The nZEB Living Lab is supported by a PV field and six wind turbines and it is also connected to the grid. Therefore, the set-up prioritises the RES generated power to be provided to the building, and if there is no available power, then the building is supported by the grid. In Figure 4, the energy above the X-axis represents the imported energy from the grid (consumption > production) and the energy below X-axis represents the exported energy (consumption < production). It is observed that in the first case, the building consumption is directly related to the environmental conditions, leading to increased consumption in days with less RES energy production (i.e., Day 8–10) and reduced consumption during days with higher RES energy production (i.e., Day 26–28). On the contrary, the second case utilises a strategy to charge the EP-PCM walls in the beginning of the scenario (i.e., Day 1–4) and then exploits this thermal energy in order to reduce the electric energy imported from the grid. Hence, the average energy imported during the EP-PCM case is considerably reduced compared to the default case.

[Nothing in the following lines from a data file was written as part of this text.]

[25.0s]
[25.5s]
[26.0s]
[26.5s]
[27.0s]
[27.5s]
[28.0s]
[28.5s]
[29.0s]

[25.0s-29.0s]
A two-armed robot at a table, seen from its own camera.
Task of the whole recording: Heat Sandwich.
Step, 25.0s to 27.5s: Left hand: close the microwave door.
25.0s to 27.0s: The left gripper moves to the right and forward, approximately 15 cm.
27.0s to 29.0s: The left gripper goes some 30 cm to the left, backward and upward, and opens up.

Therefore, there is an important potential of thermal inertia storage to increase the penetration of RES to cover the electricity use and at the same time to reduce the imported electric energy from the grid.

5. Conclusions

Industrial minerals have a great potential to be used in many innovative applications. They provide versatile functionalities and properties which are valuable for enhancing buildings thermal mass and contributing to the RES penetration increase. The development of form-stable PCM composites and mortars is currently under investigation and provides promising results. Industrial minerals used as carriers can deliver to the market new innovative products acting as short-term energy storage systems for construction applications.

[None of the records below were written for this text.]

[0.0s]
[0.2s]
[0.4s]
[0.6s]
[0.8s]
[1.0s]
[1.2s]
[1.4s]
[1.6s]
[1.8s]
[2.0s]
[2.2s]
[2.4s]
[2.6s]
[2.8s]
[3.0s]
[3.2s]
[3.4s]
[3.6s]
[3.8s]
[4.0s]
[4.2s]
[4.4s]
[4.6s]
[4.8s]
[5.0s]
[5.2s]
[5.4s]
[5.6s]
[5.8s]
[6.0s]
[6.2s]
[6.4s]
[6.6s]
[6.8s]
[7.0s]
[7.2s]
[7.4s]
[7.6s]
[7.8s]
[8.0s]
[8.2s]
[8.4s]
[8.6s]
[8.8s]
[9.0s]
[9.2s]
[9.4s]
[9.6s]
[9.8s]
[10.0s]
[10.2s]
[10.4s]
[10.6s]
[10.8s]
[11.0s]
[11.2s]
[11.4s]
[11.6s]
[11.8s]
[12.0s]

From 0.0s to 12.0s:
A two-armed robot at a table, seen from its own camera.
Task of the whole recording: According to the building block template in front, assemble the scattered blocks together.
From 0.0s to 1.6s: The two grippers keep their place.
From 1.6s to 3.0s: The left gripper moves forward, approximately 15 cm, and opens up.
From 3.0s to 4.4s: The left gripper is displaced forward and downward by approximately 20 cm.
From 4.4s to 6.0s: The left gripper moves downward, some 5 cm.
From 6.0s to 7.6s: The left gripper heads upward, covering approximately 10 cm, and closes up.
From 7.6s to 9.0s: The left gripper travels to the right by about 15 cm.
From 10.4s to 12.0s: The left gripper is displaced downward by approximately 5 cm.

This study is to investigate the potential of an EP-PCM composite to increase the thermal mass of a nZEB and increase the penetration of the RES coupled to this building. In this framework, a novel Paraffin/Hydrophobic EP/cement mortar solution is selected. The scenarios take place in simulation environment and the evaluation is performed in terms of improving the energy performance of the building and increase the potential of renewable integration. The results indicate a stabilisation of the indoor temperature by decreasing the fluctuations up to 18.3% (average value 6.2%) which results in improved thermal comfort of the occupants. In parallel, the imported and exported energy of the building is analysed, resulting in a RES penetration increase of 11.8%. To conclude, the utilisation of industrial minerals in LHTES applications for buildings can lead to improved thermal performance through matching thermal availability and demand with respect to time as well as provide benefits for exploiting RES generated power.